The position taken by many Western institutions and even human rights monitoring organisations toward the destruction of Kravica says a great deal about their honesty and helps to put in perspective the Serbian public’s unyielding skepticism about Western even-handedness. We shall use the anniversary of Kravica to cite a few examples.
[1] On the occasion of the acquittal of Naser Orić, the Srebrenica Moslem warlord, in 2006, Human Rights Watch [HRW],[1] had also some comments to make concerning Kravica. This is what HRW said about Kravica in its statement published on 11 July, 2006:
“The ultra-nationalist Serbian Radical Party launched an aggressive campaign to prove that Muslims had committed crimes against thousands of Serbs in the area. The campaign was intended to diminish the significance of the July 1995 crime, and many in Serbia were willing to accept that version of history.
But as the Oric judgment makes clear, the facts do not support the equivalence thesis. Take the events in the village of Kravica, on the Serb Orthodox Christmas on January 7, 1993, for example. The alleged killing of scores of Serbs and destruction of their houses in the village is frequently cited in Serbia as the key example of the heinous crimes committed by the Muslim forces around Srebrenica. In fact, the Oric judgment confirms that there were Bosnian Serb military forces present in the village at the time of attack.”[2]

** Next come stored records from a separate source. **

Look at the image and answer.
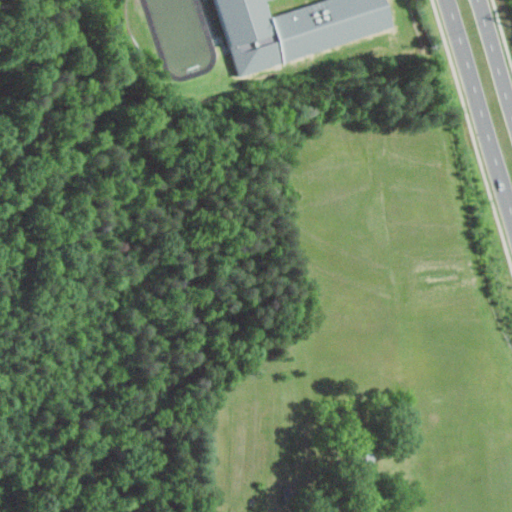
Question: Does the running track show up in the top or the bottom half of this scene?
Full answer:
The top half of the photo is where the running track is.
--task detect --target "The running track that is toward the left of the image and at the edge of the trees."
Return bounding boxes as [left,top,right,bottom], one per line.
[142,0,216,82]
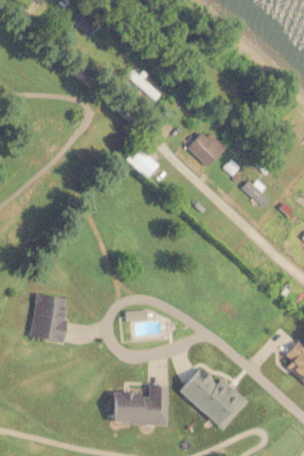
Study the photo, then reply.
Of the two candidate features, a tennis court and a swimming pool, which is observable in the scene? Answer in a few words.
swimming pool
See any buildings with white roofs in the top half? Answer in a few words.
Yes
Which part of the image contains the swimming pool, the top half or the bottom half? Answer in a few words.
bottom
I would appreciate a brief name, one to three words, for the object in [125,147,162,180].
house
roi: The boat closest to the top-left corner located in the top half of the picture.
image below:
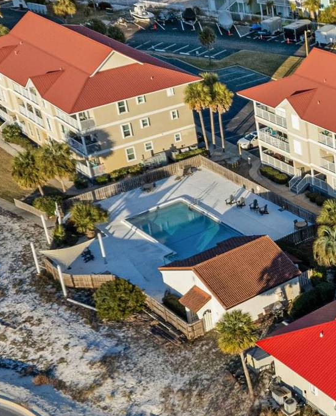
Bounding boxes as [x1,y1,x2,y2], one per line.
[123,3,153,22]
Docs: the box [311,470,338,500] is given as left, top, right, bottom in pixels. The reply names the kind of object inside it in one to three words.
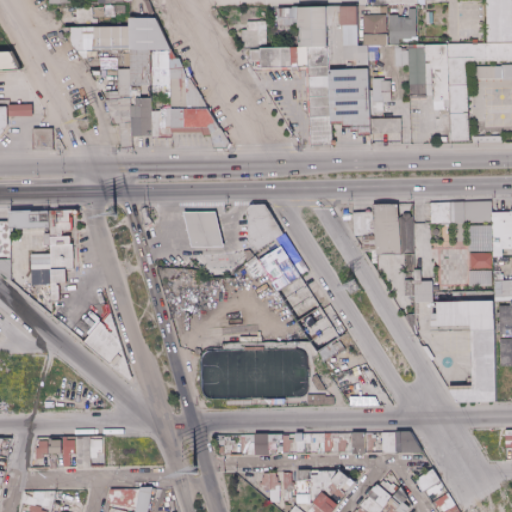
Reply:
house
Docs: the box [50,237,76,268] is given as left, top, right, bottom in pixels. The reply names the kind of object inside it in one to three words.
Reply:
house
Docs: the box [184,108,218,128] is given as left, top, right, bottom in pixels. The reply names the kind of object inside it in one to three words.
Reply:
building
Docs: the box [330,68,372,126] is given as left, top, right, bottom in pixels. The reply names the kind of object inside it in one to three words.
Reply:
building
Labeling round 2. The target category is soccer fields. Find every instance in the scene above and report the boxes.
[200,349,308,399]
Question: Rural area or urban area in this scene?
urban
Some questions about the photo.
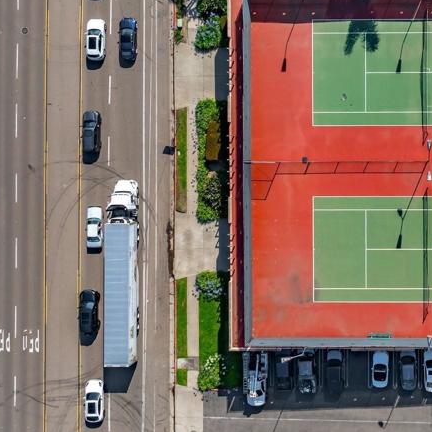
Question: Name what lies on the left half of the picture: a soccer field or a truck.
truck
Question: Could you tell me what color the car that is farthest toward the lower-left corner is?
white
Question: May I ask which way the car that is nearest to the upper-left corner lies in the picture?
from top to bottom
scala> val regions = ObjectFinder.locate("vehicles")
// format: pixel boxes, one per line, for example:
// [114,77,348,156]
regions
[399,350,416,390]
[81,112,104,154]
[277,349,293,389]
[79,290,102,335]
[84,378,106,423]
[86,20,107,61]
[423,350,432,392]
[118,19,139,60]
[85,207,105,248]
[105,177,143,367]
[245,353,266,404]
[372,349,389,388]
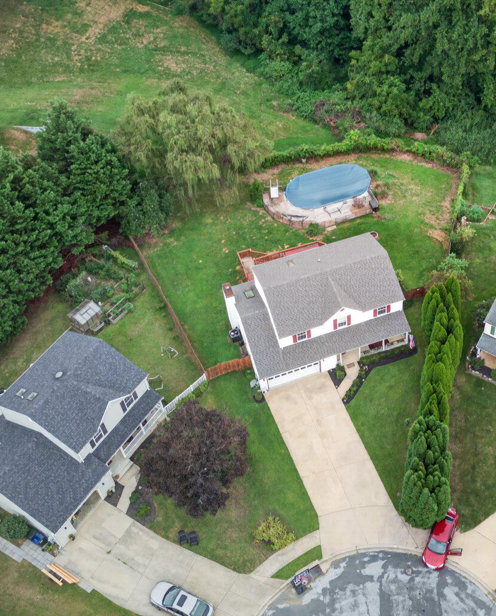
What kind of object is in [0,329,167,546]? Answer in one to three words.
house
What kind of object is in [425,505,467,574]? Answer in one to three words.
car
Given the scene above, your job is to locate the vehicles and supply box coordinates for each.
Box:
[148,583,216,616]
[425,505,467,574]

One is tempted to ask: What does HRW see as its essential task? Is it to focus attention on human rights violations or to haggle about them? The presence of Bosnian Serb military forces in the village Kravica (even if true, that hardly would be a surprise or require excuses given the preceding seven-month campaign of destruction and slaughter by Moslem forces from Srebrenica against the surrounding Serbian villages) does not relieve Human Right Watch of the obligation to address the fate of Kravica’s civilian inhabitants during the Christmas Day attack and to hold the perpetrators “accountable for their crimes,” exactly as its Mission Statement promises that it would.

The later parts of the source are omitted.